BiocParallel DoParam: RNG warnings #58

Closed HenrikBengtsson closed 3 years ago

HenrikBengtsson commented 3 years ago

I'm create this issue here to track cases of downstream packages that does not use doRNG::%dorng% for generating parallel-safe random numbers, or if they indeed do, the future framework still produces a warning about it.

Examples

Package 'plyr'

doFuture::registerDoFuture()
y <- plyr::llply(1:2, rnorm, .parallel = TRUE)

Warning messages:
1: In setup_parallel() : No parallel backend registered
2: UNRELIABLE VALUE: One of the foreach() iterations ('doFuture-1') unexpectedly generated random numbers without declaring so. There is a risk that those random numbers are not statistically sound and the overall results might be invalid. To fix this, use '%dorng%' from the 'doRNG' package instead of '%dopar%'. This ensures that proper, parallel-safe random numbers are produced via the L'Ecuyer-CMRG method. To disable this check, set option 'future.rng.onMisuse' to "ignore".

Conclusion: This is a true RNG mistake. This happens because plyr does not use doRNG. Also, looking at the source code, there are no other attempts to use parallel-safe RNG.

Workaround: After doFuture::registerDoFuture(), call doRNG::registerDoRNG(), which will automatically turn all %dopar% to %dorng%, e.g.

doFuture::registerDoFuture()
doRNG::registerDoRNG()
y <- plyr::llply(1:2, rnorm, .parallel = TRUE)

To disable the RNG warnings, set:

options(future.rng.onMisuse = "ignore")

## Slightly better: in doFuture (>= 0.12.0) [next release]
options(doFuture.rng.onMisuse = "ignore")

Package 'BiocParallel'

doFuture::registerDoFuture()
BiocParallel::register(BiocParallel::DoparParam())
y <- BiocParallel::bplapply(1:2, rnorm)

Warning message:
UNRELIABLE VALUE: One of the foreach() iterations ('doFuture-1') unexpectedly generated random numbers without declaring so. There is a risk that those random numbers are not statistically sound and the overall results might be invalid. To fix this, use '%dorng%' from the 'doRNG' package instead of '%dopar%'. This ensures that proper, parallel-safe random numbers are produced via the L'Ecuyer-CMRG method. To disable this check, set option 'future.rng.onMisuse' to "ignore".

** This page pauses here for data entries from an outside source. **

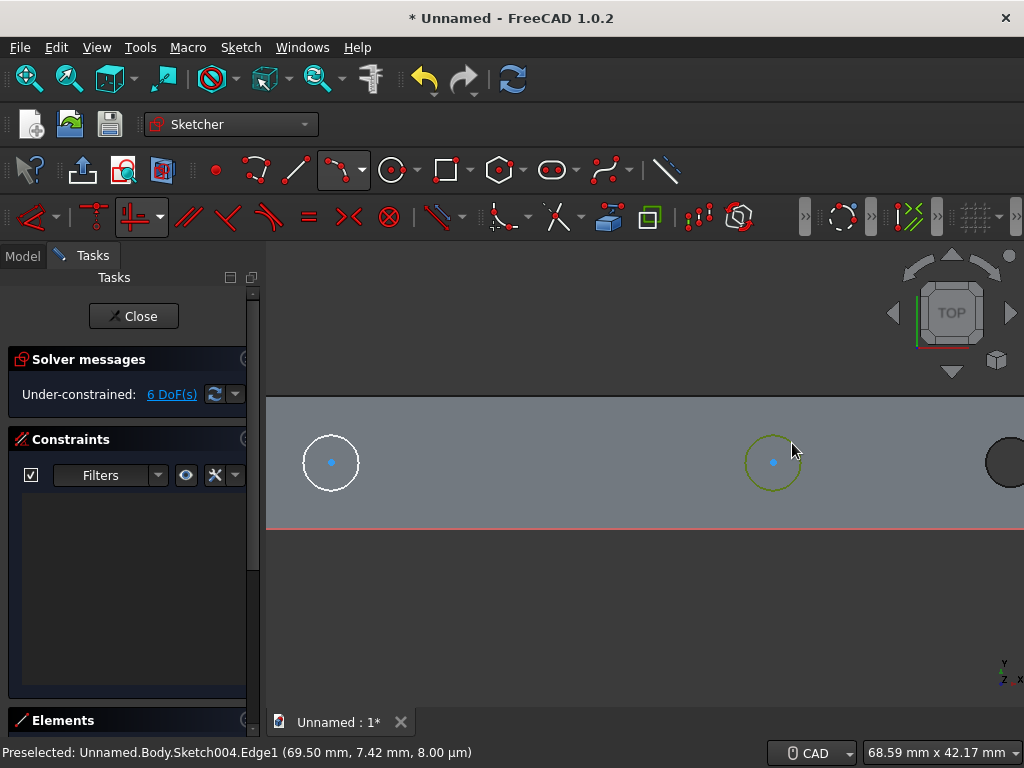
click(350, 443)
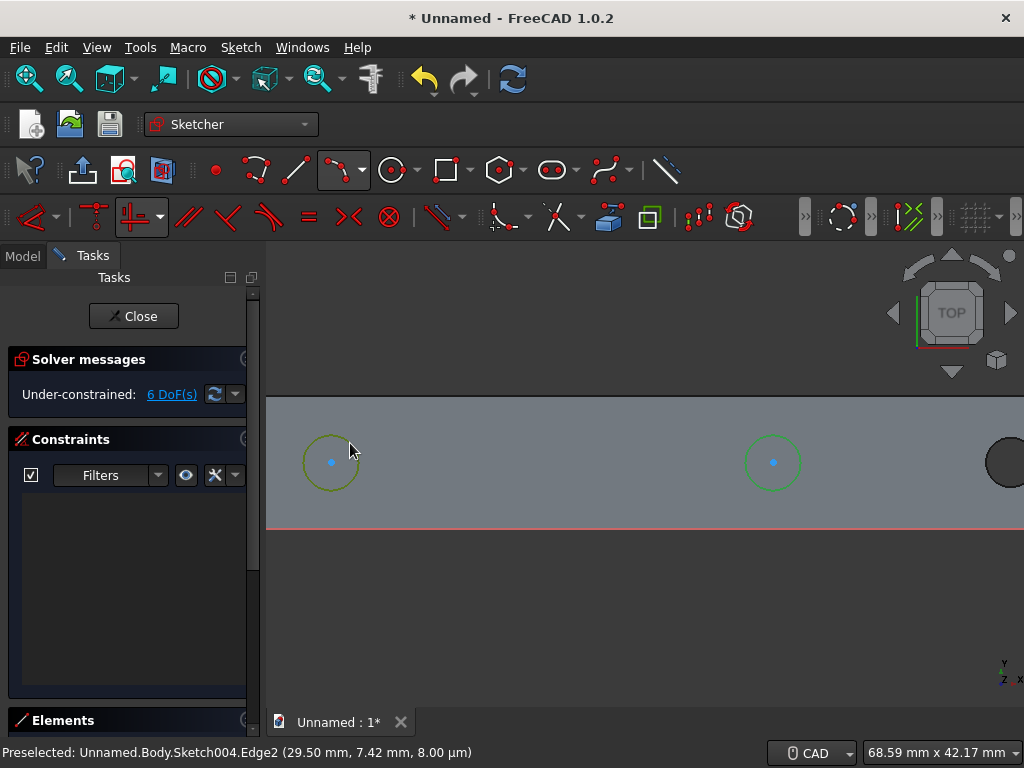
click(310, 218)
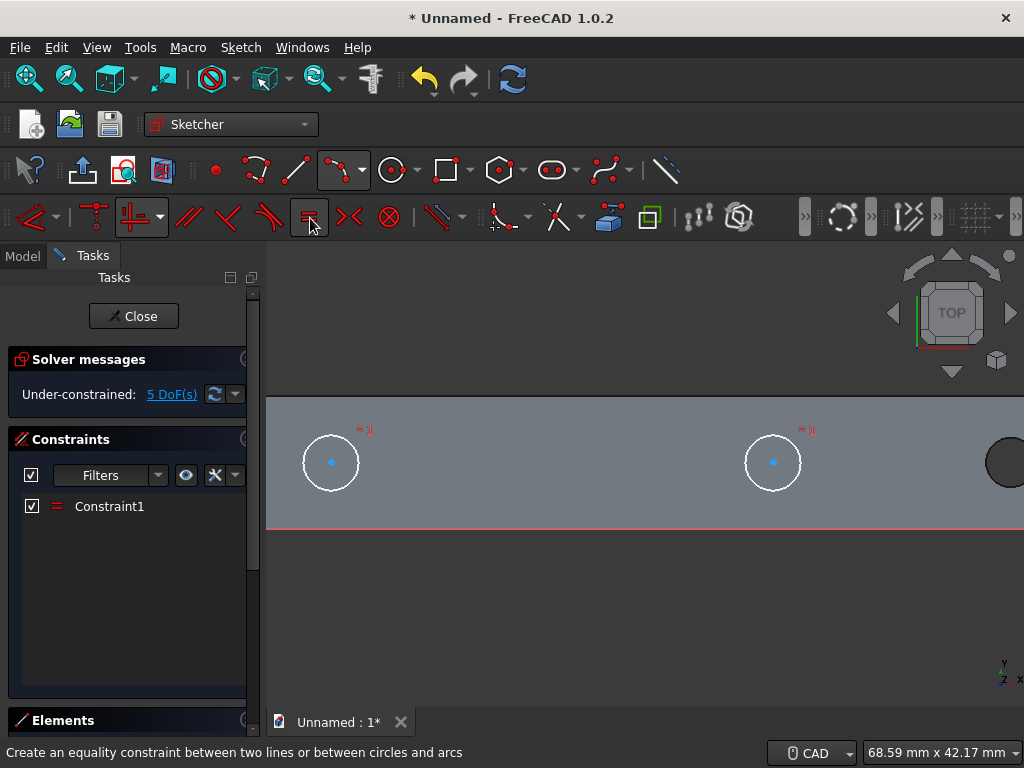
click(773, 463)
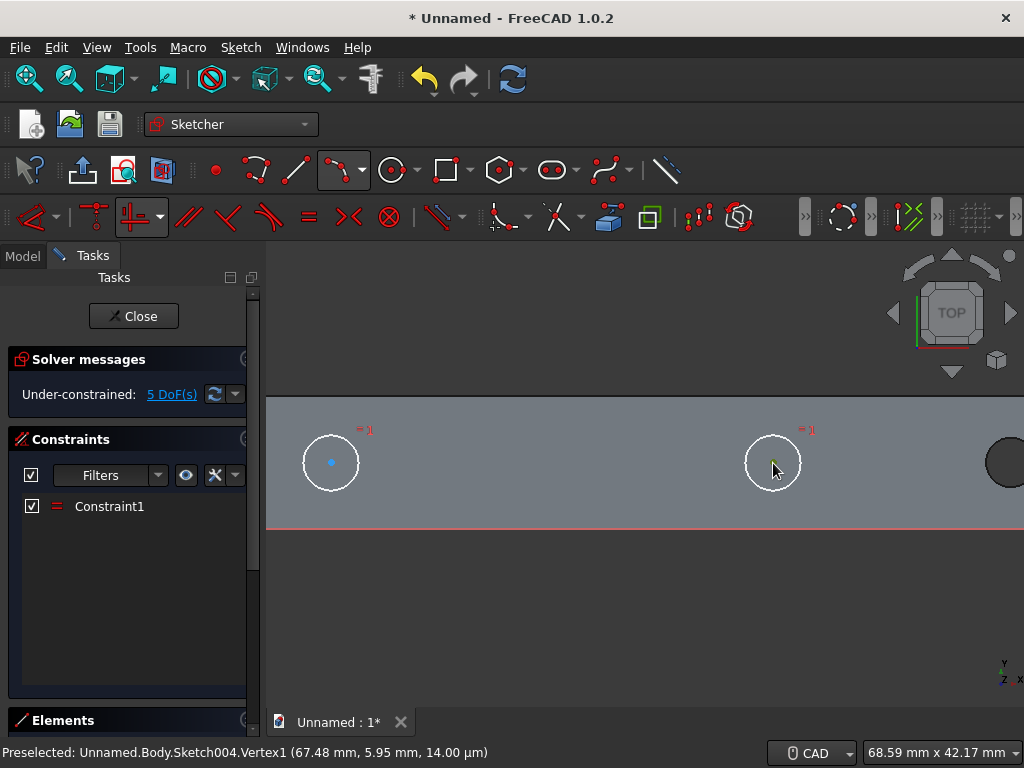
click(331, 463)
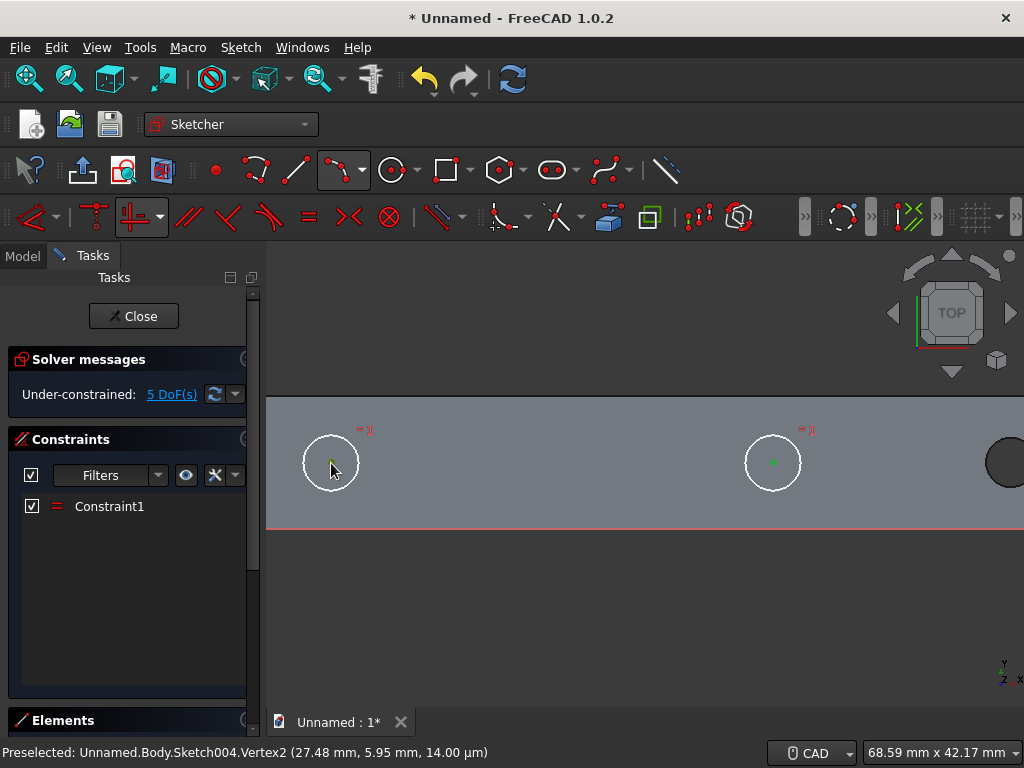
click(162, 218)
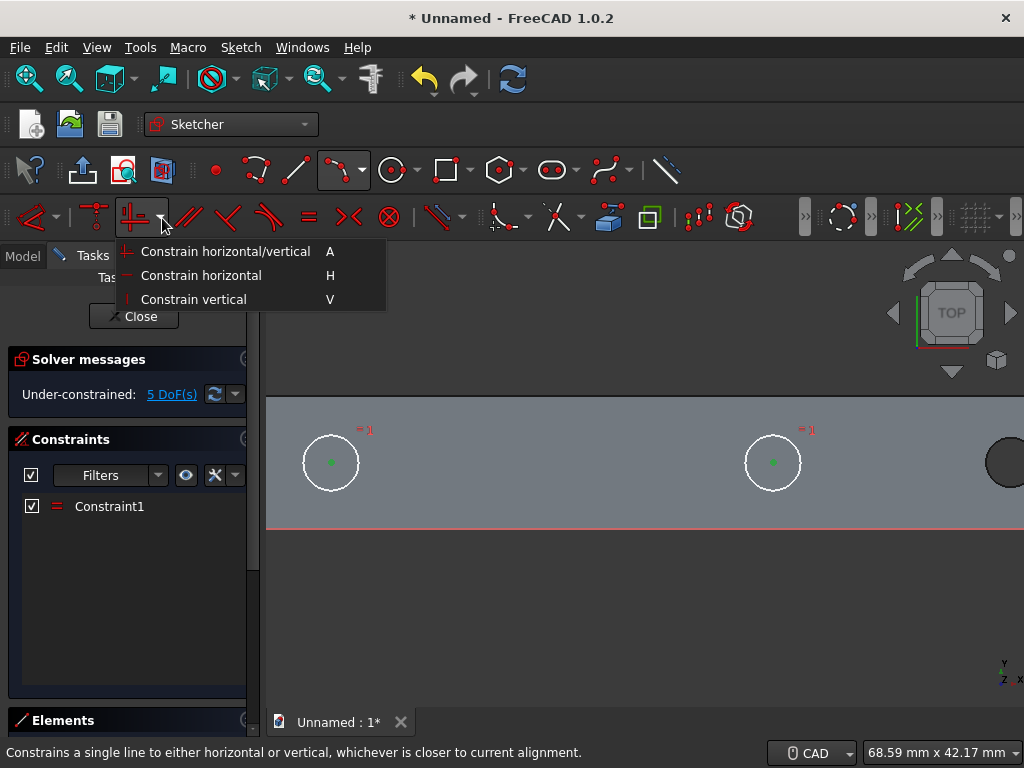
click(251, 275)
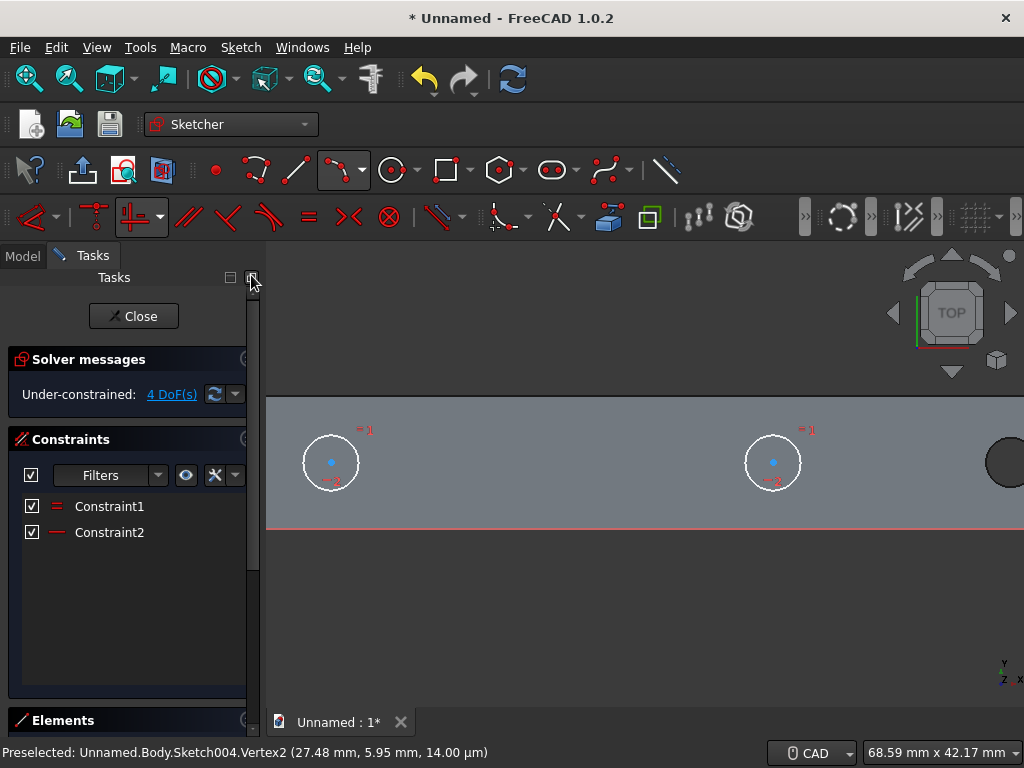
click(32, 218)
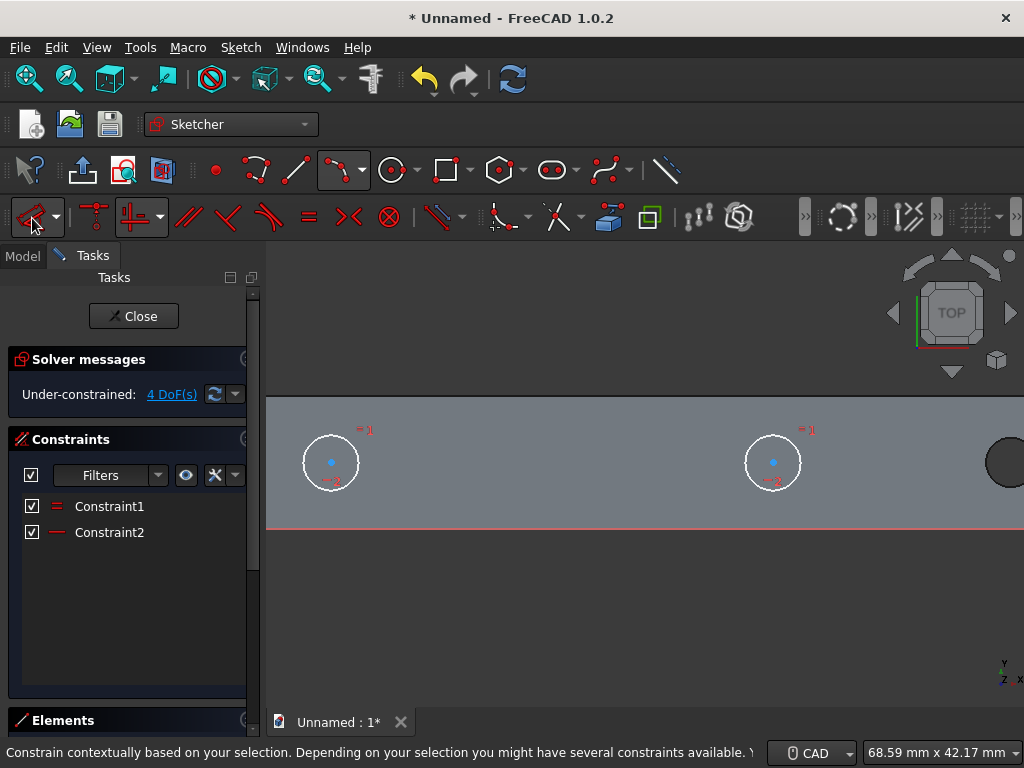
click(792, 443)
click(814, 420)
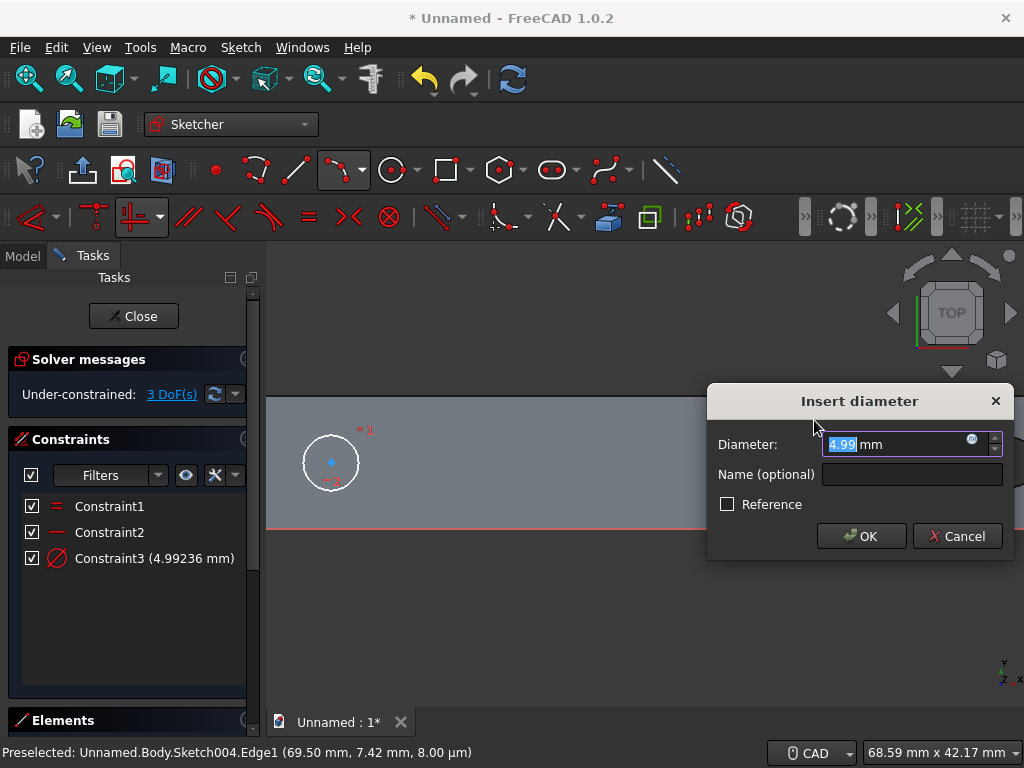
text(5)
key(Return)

Conclusion: This is a false-positive because BiocParallel deploys L'Ecuyer-CMRG seeds internally. Although they're not invariant to the number of parallel workers(*), they're statistically sound. (*) There is work in progress for this, cf. https://github.com/Bioconductor/BiocParallel/pull/130.

To disable the false warnings, use:

options(future.rng.onMisuse = "ignore")

## Slightly better: in doFuture (>= 0.12.0) [next release]
options(doFuture.rng.onMisuse = "ignore")

Workaround: No workaround needed.

However, if one wants to have parallel RNG that is invariant to the number of workers, call doRNG::registerDoRNG() after doFuture::registerDoFuture(), which will automatically turn all %dopar% to %dorng%, e.g.

doFuture::registerDoFuture()
doRNG::registerDoRNG()
BiocParallel::register(BiocParallel::DoparParam())

future::plan("sequential")
set.seed(42)
y1 <- BiocParallel::bplapply(1:3, rnorm)

future::plan("multisession", workers = 2L)
set.seed(42)
y2 <- BiocParallel::bplapply(1:3, rnorm)
stopifnot(identical(y2, y1))

future::plan("multisession", workers = 3L)
set.seed(42)
y3 <- BiocParallel::bplapply(1:3, rnorm)
stopifnot(identical(y3, y2))